Additional information and screenshots

No response

mattcreaser commented 1 month ago

Thank you for the report @JornR94. We will need to take a look. Are you able to share the GraphQL schema you're using?

JornR94 commented 1 month ago

Thanks for your quick reply @mattcreaser -- I've added the GraphQL schema in the bug report description. I still need to update the global auth rule from allow: public to a production-ready authorization rule

JornR94 commented 1 month ago

@mattcreaser Did you have any time to look into this already? It's still happening consistently for a handful of users, making the entire app crash. Happy to provide additional info if needed

mattcreaser commented 1 month ago

Hi @JornR94 I have not had a chance to look into this yet. It's still on my radar, I'm hoping to get to it next week.

I don't see an obvious error in your implementation based on the code samples provided. The missing onError handler is within DataStore, so that's not on your end. Unfortunately the RxJava stack traces obscure the location of where the error might actually be occurring, so it's not entirely obvious where the problem lies.

I do have one suggestion to try. Can you move the call to save outside of the callback from query? (this could be as simple as running it on another handler or an executor). There have been some previous issues with similar stacktraces that involved race conditions, so that is one possible thing that jumps out.

Otherwise, any information you can provide is always useful, particularly if it helps to reproduce the crash. Does the crash appear on specific devices or OS versions?

JornR94 commented 1 month ago

Hi @mattcreaser thanks for your patience in my reply.

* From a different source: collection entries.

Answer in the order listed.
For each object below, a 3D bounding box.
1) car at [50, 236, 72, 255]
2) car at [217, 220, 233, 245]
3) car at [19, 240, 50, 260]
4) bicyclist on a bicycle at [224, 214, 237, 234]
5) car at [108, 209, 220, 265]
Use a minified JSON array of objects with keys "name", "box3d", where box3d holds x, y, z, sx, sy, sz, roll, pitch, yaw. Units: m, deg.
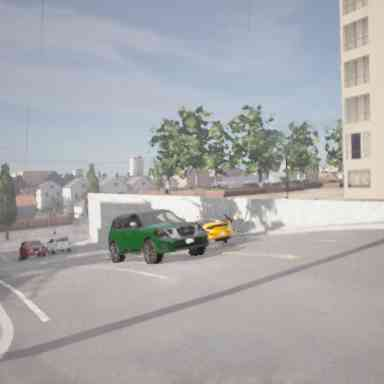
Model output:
[{"name":"car","box3d":[-17.104,6.775,42.554,2.150,2.045,5.566,-4,-5,-35]},{"name":"car","box3d":[0.035,2.222,17.873,1.882,1.535,5.008,-3,-8,-36]},{"name":"car","box3d":[-18.068,6.484,37.588,2.150,2.045,5.566,-4,-7,-34]},{"name":"bicyclist on a bicycle","box3d":[2.874,2.552,26.326,1.656,1.620,0.582,-4,-6,-34]},{"name":"car","box3d":[-1.653,1.746,13.572,2.150,2.045,5.566,-4,-7,-35]}]
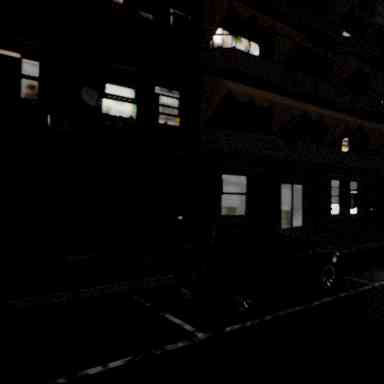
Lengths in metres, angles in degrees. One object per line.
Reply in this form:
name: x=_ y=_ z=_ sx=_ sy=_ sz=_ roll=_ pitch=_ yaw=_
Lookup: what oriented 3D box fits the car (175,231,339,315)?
car: x=1.672 y=1.629 z=7.737 sx=4.313 sy=1.339 sz=1.947 roll=1 pitch=0 yaw=-35
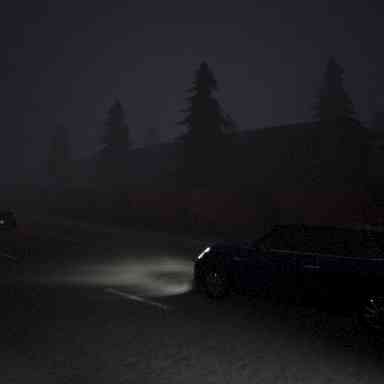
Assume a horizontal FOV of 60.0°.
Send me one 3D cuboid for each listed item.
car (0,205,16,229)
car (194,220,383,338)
[{"bbox_3d":[-12.607,1.558,21.159,1.812,1.442,4.674,0,0,-42],"label":"car"},{"bbox_3d":[2.248,1.371,6.908,4.553,1.767,2.097,0,0,37],"label":"car"}]

I could try moving the save call outside of the call to query, but the thing is that this code is live in production, but not actively being used yet. I've added it to production because we're expecting to release another product that interacts with our app soon (through Amplify), but this code for now is not being used by people other than myself and a half dozen testers. So I'm pretty confident the issue is not there (since the save call only gets called when that part of the code is being used).

What's interesting about this crash: we have thousands of users with this version in production, but only 280 users were affected by this crash in the past 30 days (which is still highly significant, since it accounts for about 80% of all our crashes). So it's far from everyone who experiences these crashes / doesn't seem very reproducible. Another interesting thing is the device distribution:

There is 1% Google but as you can see, it's mostly specific OEMs from https://dontkillmyapp.com/ that are causing issues, likely due to some specific modifications in their OS? Might be helpful information to try and reproduce on your end, so wanted to share.

I'm also curious how / why these crashes don't happen for other developers using this part of the Amplify SDK, since I would expect more devs to have crashes like this on those types of devices when using this part of the Amplify SDK?

mattcreaser commented 1 month ago

@JornR94 I'm slightly confused - the code snippets you posted are for code that is not being executed by users experiencing the crash? If so, could you clarify what parts of DataStore are being used by crashing users?

On my side I have spent some time looking into this issue. I think the most likely source for this crash is failing to configure datastore here as this subscribe does not have onError handling and matches the timeout value from the stacktrace.

This error essentially indicates that DataStore could not connect to the local sqlite database. It's not immediately clear why this may happen, why it is only affecting a subset of users, or why other customers have not been reporting the same issue. I'll continue to investigate but here are a few next steps:

JornR94 commented 1 month ago

Hi @mattcreaser . Little extra context: the last part of the code snippet I shared (in MainActivity, the Amplify.DataStore.observe(UnblockRequest.class part) is being called for all users in production. In production those other methods that I shared should never be called (apologies for the confusion this caused!)

I was thinking: could there be an issue with configuring Amplify on the devices where I am seeing the crashes? What happens if Amplify's data store or the ApiPlugin don't configure properly, could this cause these exceptions to be thrown? Here's how Amplify is configured, in the top-level app class which extends Application:

try {
    Amplify.addPlugin(new AWSApiPlugin());
    Amplify.addPlugin(new AWSDataStorePlugin());
    Amplify.configure(this);
    Log.i(AmplifyManager.AMPLIFY_DEBUG_TAG, "Initialized Amplify");
} catch (AmplifyException error) {
    Log.e(AmplifyManager.AMPLIFY_DEBUG_TAG, "Could not initialize Amplify", error);
}